Collect the lines of the entries where "README" shows up.

Supplied material START

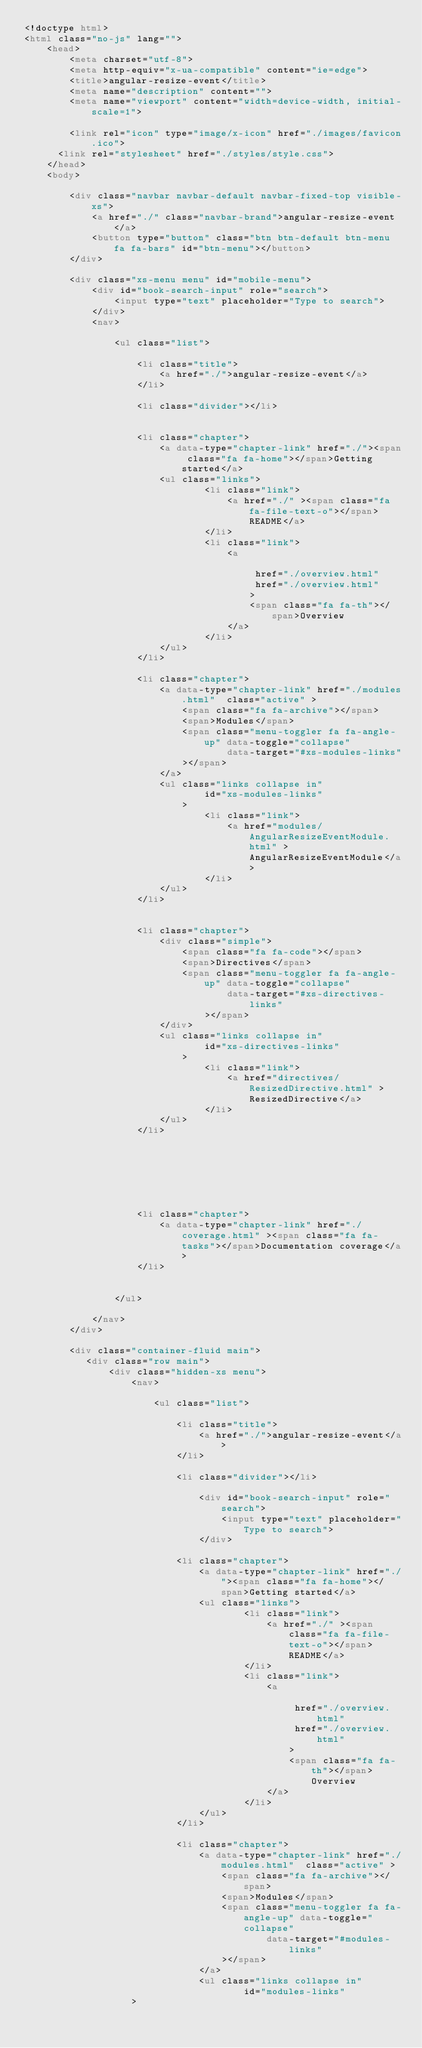Convert code to text. <code><loc_0><loc_0><loc_500><loc_500><_HTML_><!doctype html>
<html class="no-js" lang="">
    <head>
        <meta charset="utf-8">
        <meta http-equiv="x-ua-compatible" content="ie=edge">
        <title>angular-resize-event</title>
        <meta name="description" content="">
        <meta name="viewport" content="width=device-width, initial-scale=1">

        <link rel="icon" type="image/x-icon" href="./images/favicon.ico">
	    <link rel="stylesheet" href="./styles/style.css">
    </head>
    <body>

        <div class="navbar navbar-default navbar-fixed-top visible-xs">
            <a href="./" class="navbar-brand">angular-resize-event</a>
            <button type="button" class="btn btn-default btn-menu fa fa-bars" id="btn-menu"></button>
        </div>

        <div class="xs-menu menu" id="mobile-menu">
            <div id="book-search-input" role="search">
                <input type="text" placeholder="Type to search">
            </div>
            <nav>
            
                <ul class="list">
            
                    <li class="title">
                        <a href="./">angular-resize-event</a>
                    </li>
            
                    <li class="divider"></li>
            
            
                    <li class="chapter">
                        <a data-type="chapter-link" href="./"><span class="fa fa-home"></span>Getting started</a>
                        <ul class="links">
                                <li class="link">
                                    <a href="./" ><span class="fa fa-file-text-o"></span>README</a>
                                </li>
                                <li class="link">
                                    <a 
                                        
                                         href="./overview.html" 
                                         href="./overview.html" 
                                        >
                                        <span class="fa fa-th"></span>Overview
                                    </a>
                                </li>
                        </ul>
                    </li>
            
                    <li class="chapter">
                        <a data-type="chapter-link" href="./modules.html"  class="active" >
                            <span class="fa fa-archive"></span>
                            <span>Modules</span>
                            <span class="menu-toggler fa fa-angle-up" data-toggle="collapse"
                                    data-target="#xs-modules-links"
                            ></span>
                        </a>
                        <ul class="links collapse in"
                                id="xs-modules-links"
                            >
                                <li class="link">
                                    <a href="modules/AngularResizeEventModule.html" >AngularResizeEventModule</a>
                                </li>
                        </ul>
                    </li>
            
            
                    <li class="chapter">
                        <div class="simple">
                            <span class="fa fa-code"></span>
                            <span>Directives</span>
                            <span class="menu-toggler fa fa-angle-up" data-toggle="collapse"
                                    data-target="#xs-directives-links"
                                ></span>
                        </div>
                        <ul class="links collapse in"
                                id="xs-directives-links"
                            >
                                <li class="link">
                                    <a href="directives/ResizedDirective.html" >ResizedDirective</a>
                                </li>
                        </ul>
                    </li>
            
            
            
            
            
            
            
                    <li class="chapter">
                        <a data-type="chapter-link" href="./coverage.html" ><span class="fa fa-tasks"></span>Documentation coverage</a>
                    </li>
            
            
                </ul>
            
            </nav>
        </div>

        <div class="container-fluid main">
           <div class="row main">
               <div class="hidden-xs menu">
                   <nav>
                   
                       <ul class="list">
                   
                           <li class="title">
                               <a href="./">angular-resize-event</a>
                           </li>
                   
                           <li class="divider"></li>
                   
                               <div id="book-search-input" role="search">
                                   <input type="text" placeholder="Type to search">
                               </div>
                   
                           <li class="chapter">
                               <a data-type="chapter-link" href="./"><span class="fa fa-home"></span>Getting started</a>
                               <ul class="links">
                                       <li class="link">
                                           <a href="./" ><span class="fa fa-file-text-o"></span>README</a>
                                       </li>
                                       <li class="link">
                                           <a 
                                               
                                                href="./overview.html" 
                                                href="./overview.html" 
                                               >
                                               <span class="fa fa-th"></span>Overview
                                           </a>
                                       </li>
                               </ul>
                           </li>
                   
                           <li class="chapter">
                               <a data-type="chapter-link" href="./modules.html"  class="active" >
                                   <span class="fa fa-archive"></span>
                                   <span>Modules</span>
                                   <span class="menu-toggler fa fa-angle-up" data-toggle="collapse"
                                           data-target="#modules-links"
                                   ></span>
                               </a>
                               <ul class="links collapse in"
                                       id="modules-links"
                   ></code> 
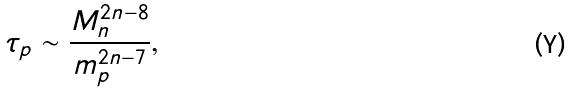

Supplied material END

- Expected answer -
                                    <a href="./" ><span class="fa fa-file-text-o"></span>README</a>
                                           <a href="./" ><span class="fa fa-file-text-o"></span>README</a>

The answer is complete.